Ex-presidente diferente
Há vários fatores para acreditar que Lula será um ex-presidente distindo dos demais ainda vivos – José Sarney, Fernando Collor de Mello, Itamar Franco e Fernando Henrique Cardoso. A taxa de aprovação em 87% segundo o Ibope e a eleição da candidata apoiada por ele são dois dos vetores inéditos na vida política brasileira que fazem crer que a vida de Lula a partir de 2011 será diferente das rotinas dos antecessores.
Por um lado, o líder petista não parece vislumbrar a possibilidade de se candidatar a cargo eletivo no futuro, seja proporcional, seja majoritário. Lula rejeitou recentemente a possibilidade de ocupar cargos diplomáticos ou mesmo ser secretário-geral da Organização das Nações Unidas (ONU), como pediu o boliviano Evo Morales. Por outro lado, discrição parece difícil a um líder tão reconhecido e com um carisma que simplesmente não pode ser apagado – continuará a existir e, de certo modo, a ofuscar os que dividam as atenções com ele.
O cientista político André Singer defendeu que as linhas estabelecidas no governo Lula, de redução da pobreza e da desigualdade, vão guiar a política brasileira nos próximos anos. O professor avalia que a continuidade dessas propostas assegura, finalmente, voltar ao padrão interrompido pelo golpe de 1964. “A agenda de diminuição da pobreza e da desigualdade do governo Lula avançou por meio de uma estranha combinação de orientações antitéticas: de um lado, manteve linhas de conduta do receituário neoliberal e, de outro, adotou mecanismos de uma plataforma desenvolvimentista”, argumentou Singer em artigo publicado na edição de outubro da revista Piauí.
Isso explicaria, em parte, a migração da base de apoio de Lula – e do PT – das classes médias para as camadas mais pobres. Nesse aspecto, o presidente é um dos poucos políticos brasileiros ainda capaz de reunir massas em diferentes partes do país. Foram poucos os comícios de candidatos neste ano que não tinham Lula no palanque.

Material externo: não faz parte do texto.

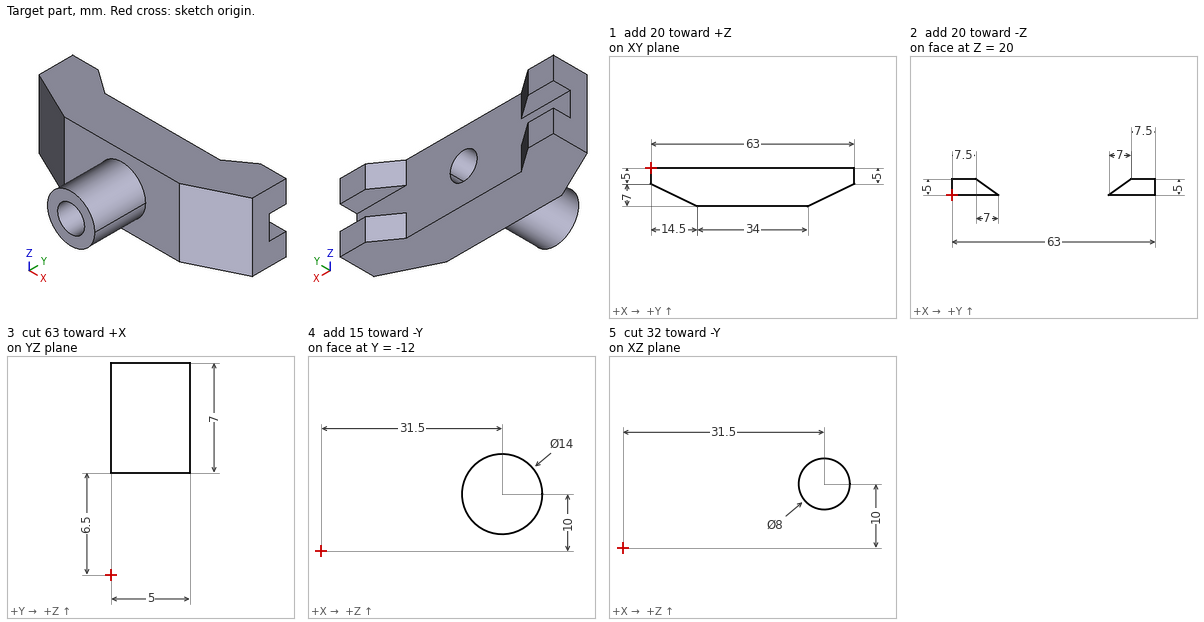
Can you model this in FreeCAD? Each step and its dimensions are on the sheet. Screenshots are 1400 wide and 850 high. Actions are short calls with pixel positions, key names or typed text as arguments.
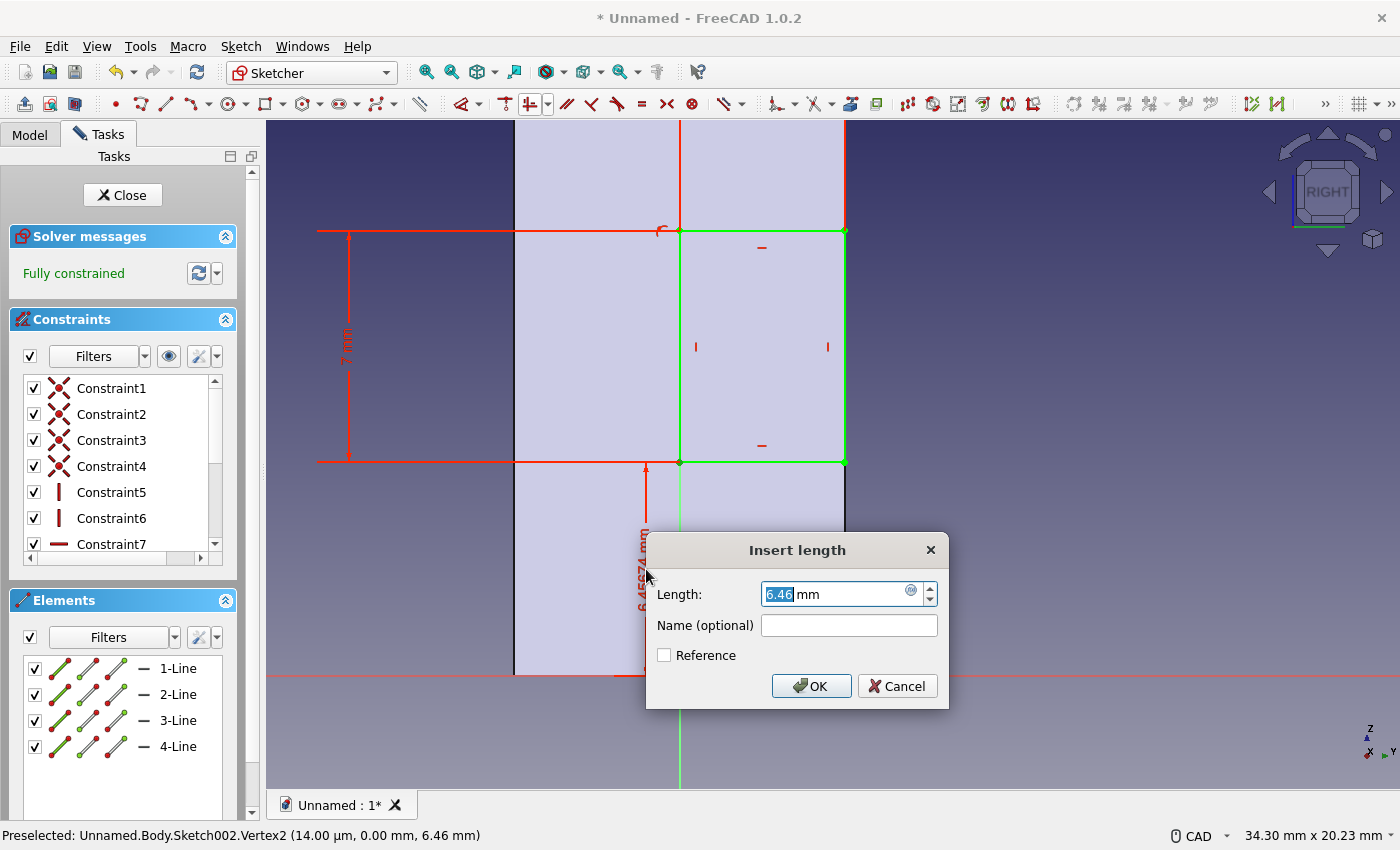
text(6.5)
key(Return)
key(Escape)

Nas últimas semanas de governo, por onde passa, Lula ainda reúne multidões que querem se despedir do líder. Foi assim no dia 23, quando foi realizado em São Paulo o último Natal com os catadores de materiais recicláveis e a população de rua, uma tradição mantida ao longo dos oito anos de governo e à qual Dilma Rousseff promete dar continuidade. O galpão lotado na zona norte de São Paulo abrigava verdadeiros fãs do presidente. “O senhor não esqueceu suas raízes, não esqueceu o que prometeu a seu povo”, lembrava a catadora Maria Lúcia Santos Pereira.
Desencarnar
Não é todo presidente que tem um povo que aceite ser chamado de “seu”. É a primeira vez em muitas décadas que um chefe de Estado brasileiro tem seu nome associado ao “ismo”: não houve itamarismo, collorismo nem fernandismo, mas há um lulismo que, como ressalta Singer, continuará presente mesmo que já não seja o ex-metalúrgico a ocupar o Planalto.

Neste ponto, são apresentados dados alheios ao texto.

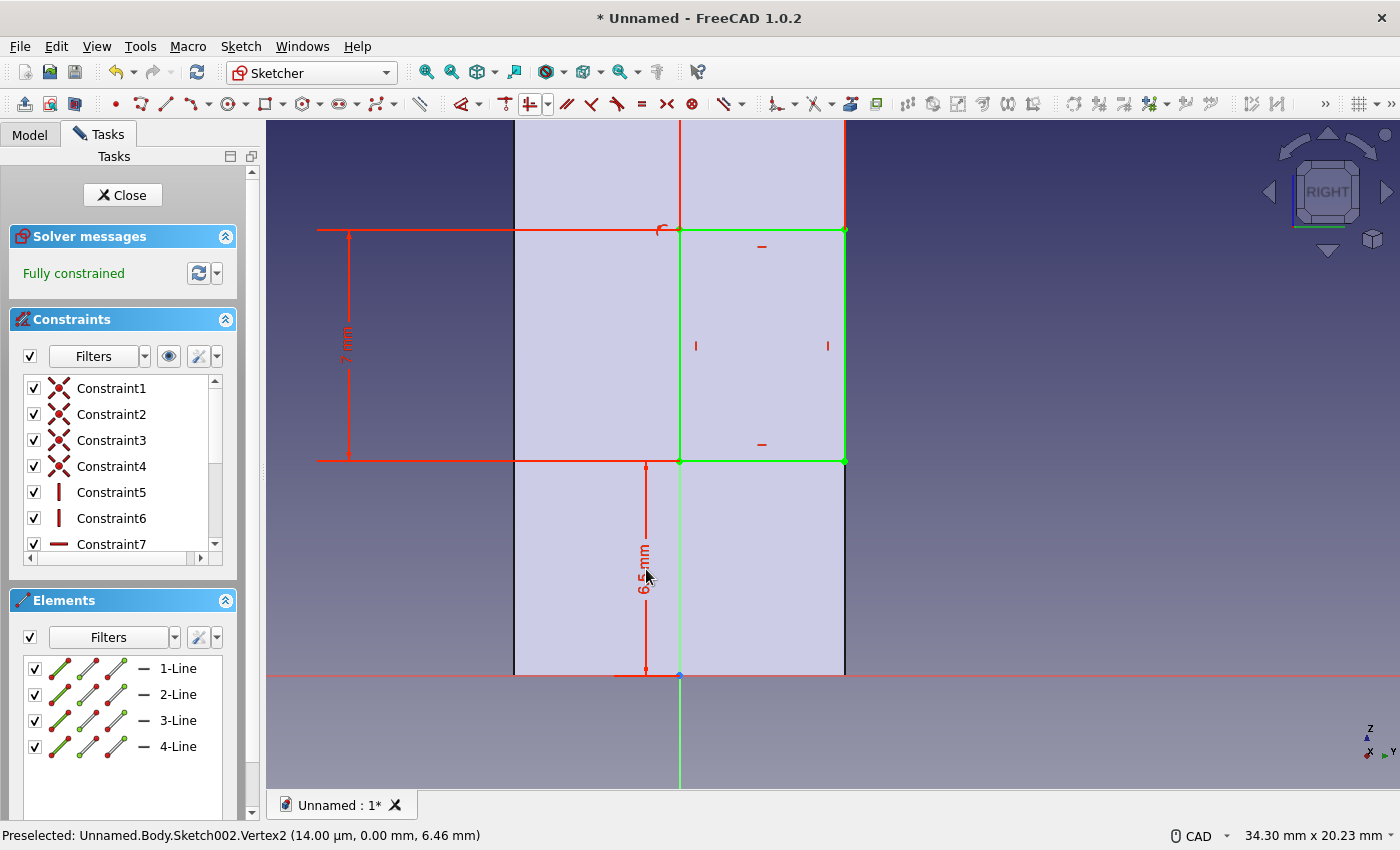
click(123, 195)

“Eu quero voltar ao Pacaembu para ver jogo do Corinthians, vestido de torcedor, encontrar os meus companheiros do sindicato e tomar uma cerveja, eu quero ser um homem comum…”, confessou em entrevista ao veterano jornalista Ricardo Kotscho, publicada na edição de dezembro da revista Brasileiros.
Kotscho, assessor do ex-sindicalista nas campanhas de 1989, 1994 e 2002, ressaltou por sua vez, em conversa com a Rede Brasil Atual, pouco antes do primeiro turno das eleições, que Lula era uma novidade na política brasileira quando apareceu e que hoje, três décadas depois, continua sendo algo novo, uma estranha soma de líder de massas e líder político, uma espécie de caminho do meio entre a esquerda ortodoxa e os movimentos pelegos.

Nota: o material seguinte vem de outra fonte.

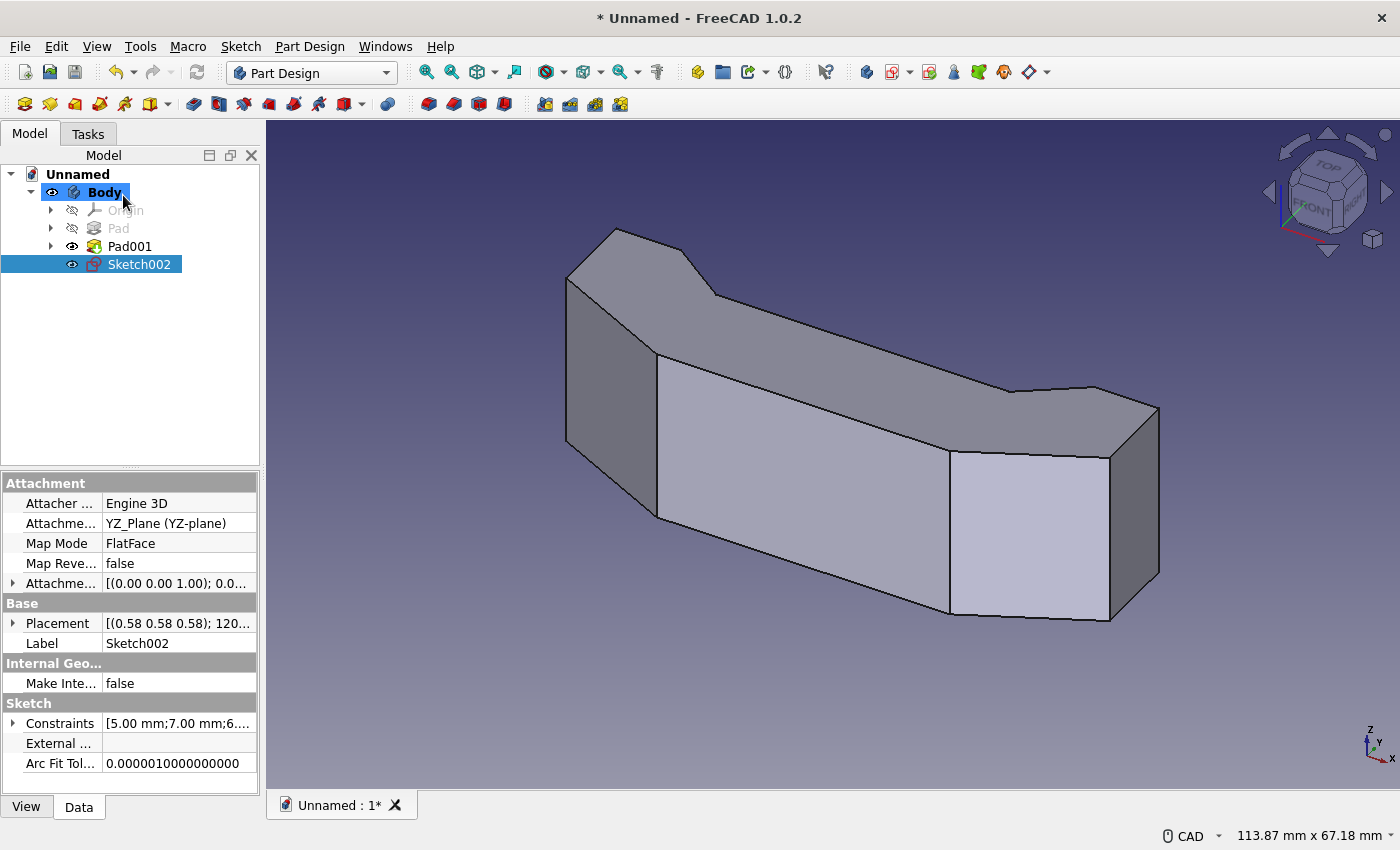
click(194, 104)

“Lula é uma figura que alguém no futuro vai ter que explicar. Foi uma coisa absolutamente nova. Tem poucos casos no mundo de uma história assim. O Lula se tornou um líder mundial, reconhecido por todo mundo”, resumiu Kotscho.
Está aí um dos caminhos do presidente ao se “desencarnar” do mandato: já deu várias declarações no sentido de usar seu prestígio internacional para ajudar nações pobres.
Como disse Kotscho, só com o tempo será possível ter a dimensão correta – nem maior nem menor – da figura de Lula. Em algumas semanas, no entanto, saberemos o que o presidente fará com seu prestígio. O certo é que não ficará guardado no canto da sala, feito vaso chinês.